Из "Записок" А.И. Кошелева (1806-1883), известного славянофила: "Не помню, в каком именно году был с [министром юстиции]
Дашковым очень замечательный случай. По высочайшему повелению Сенат как верховный суд судил поляков из западных губерний за участие в каком-то заговоре. По недостаточности улик Сенат оправдал обвиненных. Император Николай был этим весьма недоволен и приказал дело это перенести в Государственный совет. Дашков как министр юстиции в оправдание решения Сената произнес прекрасную речь, и большинство Совета, за исключением князей Чернышева и П.М. Волконского, утвердило приговор Сената. Император в негодовании возвращает дело в Государственный совет с замечанием: Сенат, придерживаясь буквы закона, мог оправдать обвиненных, но Государственный совет должен был руководствоваться государственными соображениями, а потому рассмотреть ему это дело вновь, с государственной точки зрения. Дашков опять произносит речь в Совете, который, за исключением двоих вышепоименованных членов, остается при прежнем решении.
Журнал Совета отправляется к государю, который, вопреки своему обычаю, держит этот журнал почти две недели и возвращает с утверждением мнения большинства. Дашков во все это время не имел доклада у государя; но по накопившимся делам ему необходимо было испросить у императора личный доклад. Час доклада назначается, и Дашков, отправляясь во дворец, думал возвратиться оттуда уже частным человеком. Государь принимает его очень милостиво и говорит: "Ну, Дашков, мы с тобою поспорили, но я надеюсь, что это нашей дружбе не повредит". Этот рассказ мною слышан от самого Дашкова."
Невозможно представить себе подобный поступок любого министра или любого суда после 1917 года. А ведь это были еще времена дореформенные! Всё это, однако, не помешает другу и наставнику Кошелева, Хомякову, сочинить свое известное "в судах черна неправдой черной" и проч.
В тех же самых "Записках" Кошелева, совсем рядом с этой историей рассказывается другая, гораздо более известная: "Барон Дельвиг был умный и очень милый человек. С особенным удовольствием он, бывало, рассказывал один случай, бывший с ним как с издателем газеты. Призывает его начальник 3-го отделения собственной его величества канцелярии гр. Бенкендорф и сильно, даже грубо выговаривает ему за помещение в газете одной либеральной статьи: бар. Дельвиг с свойственной ему невозмутимостью спокойно замечает ему, что на основании закона издатель не отвечает, когда статья пропущена цензурою, и упреки его сиятельства должны быть обращены не к нему, издателю, а к цензору. Тогда начальник 3-го отделения приходит в ярость и говорит Дельвигу: "Законы пишутся для подчиненных, а не для начальства, и вы не имеете права в объяснениях со мною на них ссылаться и ими оправдываться". - Прелестный анекдот и вполне характеризовавший николаевские времена."
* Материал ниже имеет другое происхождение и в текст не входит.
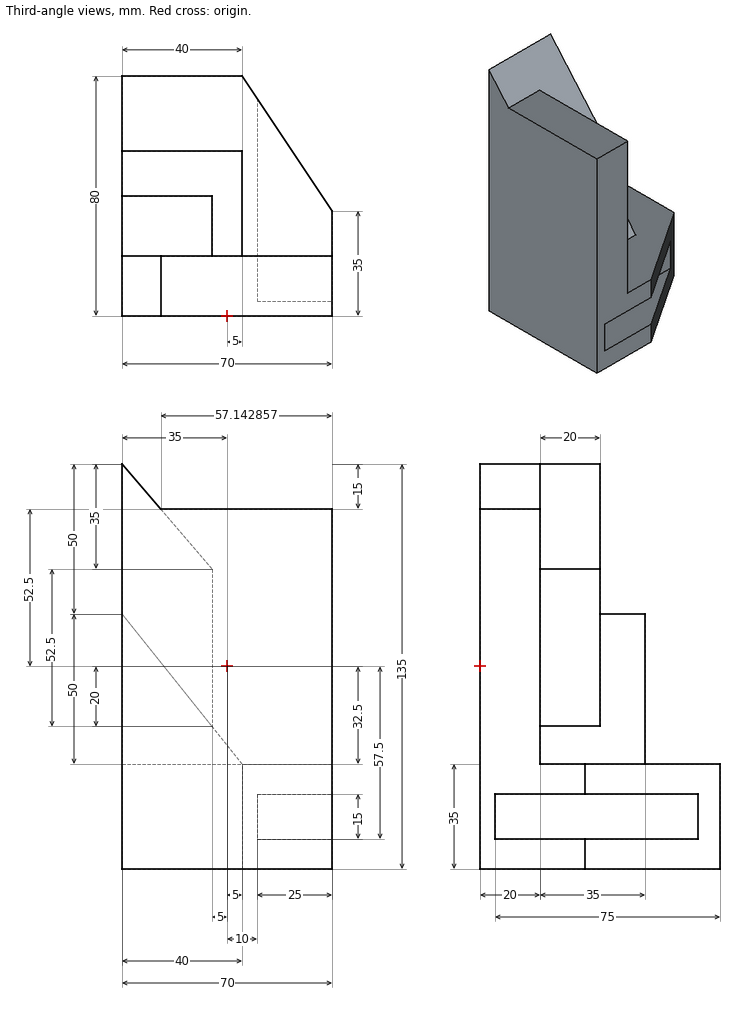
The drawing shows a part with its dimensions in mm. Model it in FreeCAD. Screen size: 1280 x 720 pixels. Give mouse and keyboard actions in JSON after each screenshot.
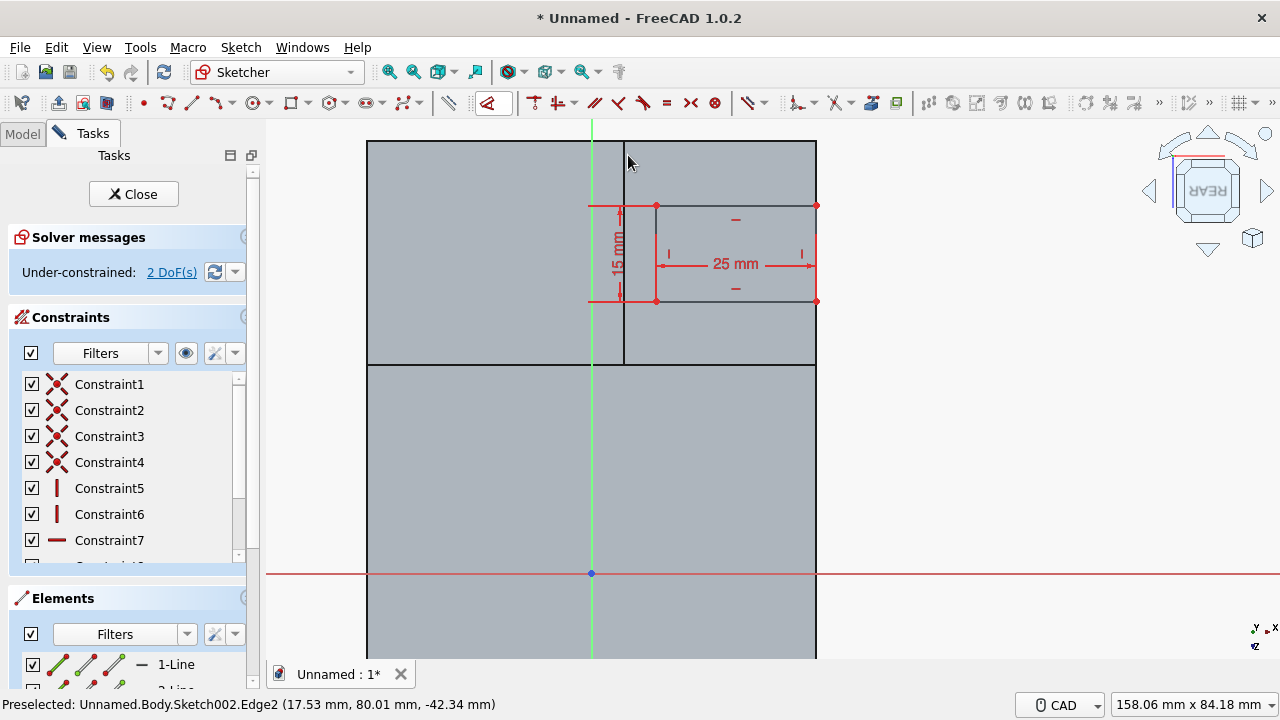
{"action": "left_click", "coordinate": [656, 206]}

Этот рассказ скорее интересен как пример когнитивного искажения. Он растиражирован в бесчетном количестве публикаций - в отличие от первого. Первый не замечается, а второй охотно выносится на всеобщее обозрение, причем начало этому диссонансу положил сам Кошелев, который преподносит рассказ про Бенкендорфа как "вполне характеризовавший николаевские времена". Хотя, если задуматься, что же больше характеризует эти времена: то, что сгоряча ляпнул один сановник, или поступок в совершенно противоположном смысле - в пользу законности, совершенный целой группой других сановников из числа самых высокопоставленных - членами Государственного Совета, сенаторами и министром юстиции, которые, рискуя карьерой, решились упорно перечить грозному Николаю Павловичу и в конце концов его переупрямили? Говоря совсем коротко: что важнее и что характернее - слово или дело, безответственная ФРАЗА одного человека или ответственный ПОСТУПОК многих? По-моему, ответ вполне ясен.
Но слишком уж велика исказительная мощь идеологической "призмы" или политического "настроения", с которым люди подходят к восприятию фактов, к разумению одного и того же текста: здесь вижу - там не вижу. Хотя достаточно всего-навсего открыть глаза, а затем спокойно, без пропусков, прочесть и обдумать всё, что написано.